東北の関ヶ原と言われた長谷堂城は登っておくべきだろう。きつい山城だが本丸からは霞城が見える位置である。あと一歩、というところで関ヶ原の敗報が来た。直江兼継の悔しさはいかばかりだったか。
霞城の本丸に天守閣はなかった。ここは50万石規模で作った巨大な城だが、最上氏改易後は5~10万石程度の大名ばかりとなり、城郭の維持ができなくなった。荒廃するばかりの城内もまた寂しかったろう。荒城の月は江戸時代からか…。

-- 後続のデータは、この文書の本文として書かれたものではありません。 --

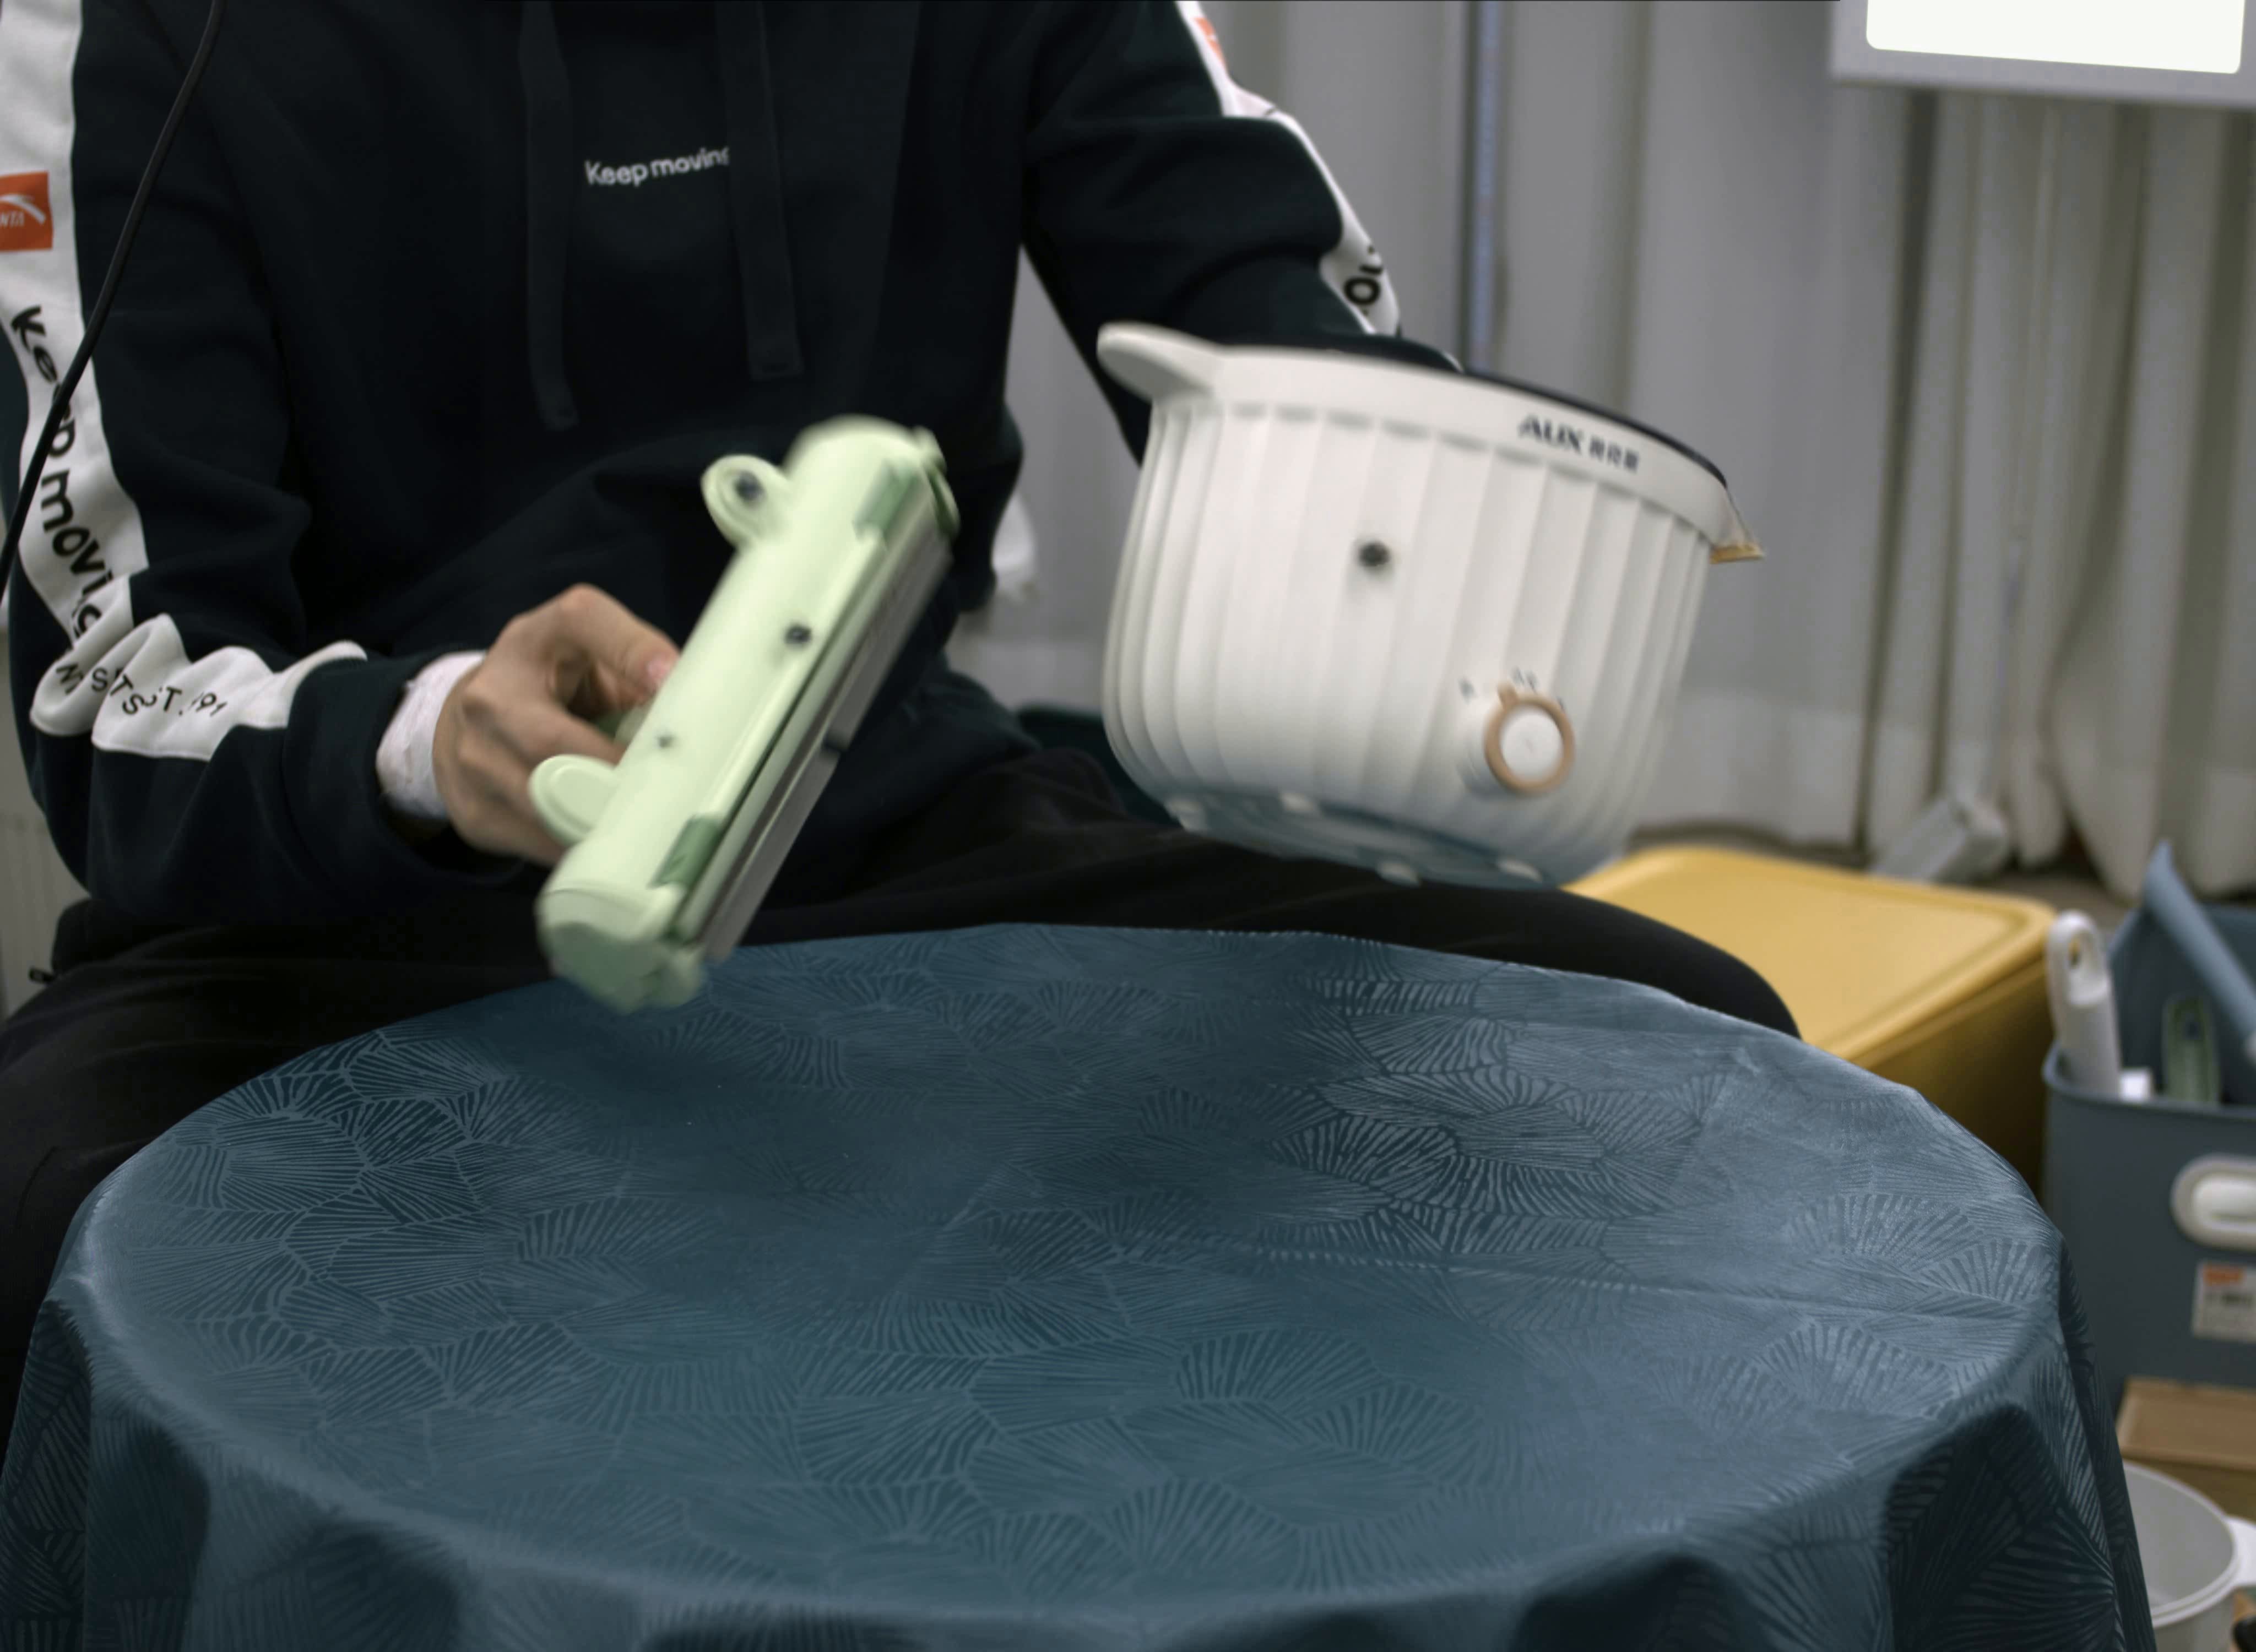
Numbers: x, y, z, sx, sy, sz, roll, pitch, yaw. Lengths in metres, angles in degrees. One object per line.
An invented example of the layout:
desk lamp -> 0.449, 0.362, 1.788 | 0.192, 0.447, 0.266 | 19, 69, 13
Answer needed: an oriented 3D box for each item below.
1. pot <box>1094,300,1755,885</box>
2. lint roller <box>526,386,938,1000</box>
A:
pot -> 0.085, -0.064, 1.634 | 0.242, 0.142, 0.189 | 17, -13, -25
lint roller -> -0.153, -0.039, 1.631 | 0.083, 0.198, 0.181 | 38, -30, -30

土塁のみの簡素なお城。過去の栄光やいかに。上杉鷹山という名君も出たが貧乏な藩だからこその人物。幕末まで三階櫓は残っていたという古写真がある。
福島:鶴ヶ城址、白河小峰城址、二本松城址、平城址
二本松城、白河小峰城、会津若松城…立派な石垣造りの城が多い。始めは西日本系の外様大名を入れて堅固な石垣城を作らせる。その後、転封させてそこへ東日本系の譜代大名を入れる、というのが徳川幕府のやり方だ。
白河の関は有名な割には近年まで、どこが正式な所在かはっきりしなかったらしい。2箇所の伝説があるが、まあ地元ではそんなものか。伝説の中のほうが美しい場合もある。
それぞれが戊辰戦争の激戦地だった。戦争でも同じ国民の争う内戦はよけいに悲惨である。会津は黒川城と言われた頃は芦名氏、伊達氏が戦っていたそうだ。その後、秀吉の指示で蒲生氏が治めた時に上方の漆塗り、桐の家具、木蝋の技術や近江商人、伊勢商人気質が入ったとか。今の商業、文化の基盤はその頃かららしいが、蒲生さんはきっとエライ人だったのだろう。
浜通りの城は中村城(相馬氏)に行った。思ったより広大な、しかも堅固な構えに驚く。さすがは「相馬の野馬追い」で勇壮な祭りが続いているわけだ。なかなか実戦的かつ関東武士の系譜を思わせるものがある。
いわき市には平(たいら)城がある。ヒラジロと読んで笑われる人もいた。ここらは譜代大名がいくつもの小藩に別れており、しかも数年で転封となるので殿様の伝統文化は少ない。幕末はここも戊辰戦争の戦禍に会い、落城した。